L’art. 65, commi 1-quater e 1-quinquies, del D.L. 1/2012 si riferisce agli impianti agrivoltaici come gli impianti che devono avere soluzioni integrative innovative con moduli sopraelevati da terra, prevedendo anche la rotazione dei moduli, in modo da non compromettere la continuità delle attività di coltivazione agricola e pastorale, consentendo anche l’applicazione di strumenti di agricoltura digitale e di precisione.
Allo stesso tempo, devono predisporre sistemi di monitoraggio, da attuare sulla base delle linee guida adottate dal Consiglio per la ricerca in agricoltura e l’analisi dell’economia agraria, in collaborazione con il GSE, per verificare l’impatto sulle colture, il risparmio idrico, la produttività agricola per i diversi tipi di colture e la continuità delle attività delle aziende agricole interessate.
Il parere del Consiglio di Stato
A livello giurisprudenziale, il Consiglio di Stato ha statuito che: “L’agrivoltaico è un settore di recente introduzione e in forte espansione, caratterizzato da un utilizzo ‘ibrido’ di terreni agricoli, a metà tra produzioni agricole e produzione di energia elettrica, che si sviluppa con l’installazione, sugli stessi terreni, di impianti fotovoltaici, che non impediscono tuttavia la produzione agricola classica.
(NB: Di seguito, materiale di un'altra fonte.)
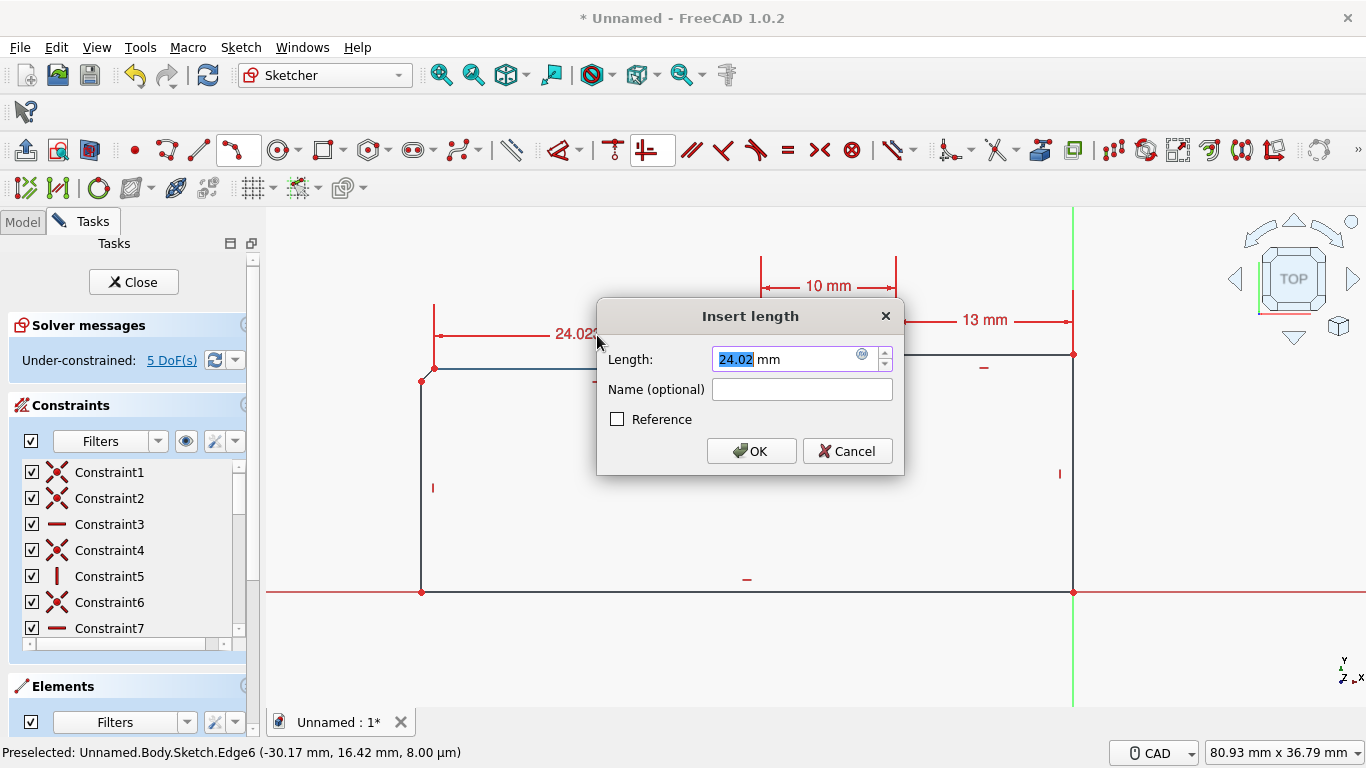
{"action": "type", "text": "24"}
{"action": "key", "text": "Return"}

In particolare, mentre nel caso di impianti fotovoltaici il suolo viene reso impermeabile e viene impedita la crescita della vegetazione (ragioni per le quali il terreno agricolo perde tutta la sua potenzialità produttiva), nell’agrivoltaico l’impianto è invece posizionato direttamente su pali più alti, e ben distanziati tra loro, in modo da consentire alle macchine da lavoro la coltivazione agricola.
Per effetto di tale tecnica, la superficie del terreno resta, infatti, permeabile e quindi raggiungibile dal sole e dalla pioggia, dunque pienamente utilizzabile per le normali esigenze della coltivazione agricola. Alla luce di quanto osservato, non si comprende, pertanto, come un impianto che combina produzione di energia elettrica e coltivazione agricola (l’agrivoltaico) possa essere assimilato a un impianto che produce unicamente energia elettrica (il fotovoltaico), ma che non contribuisce, tuttavia, neppure in minima parte, alle ordinarie esigenze dell’agricoltura.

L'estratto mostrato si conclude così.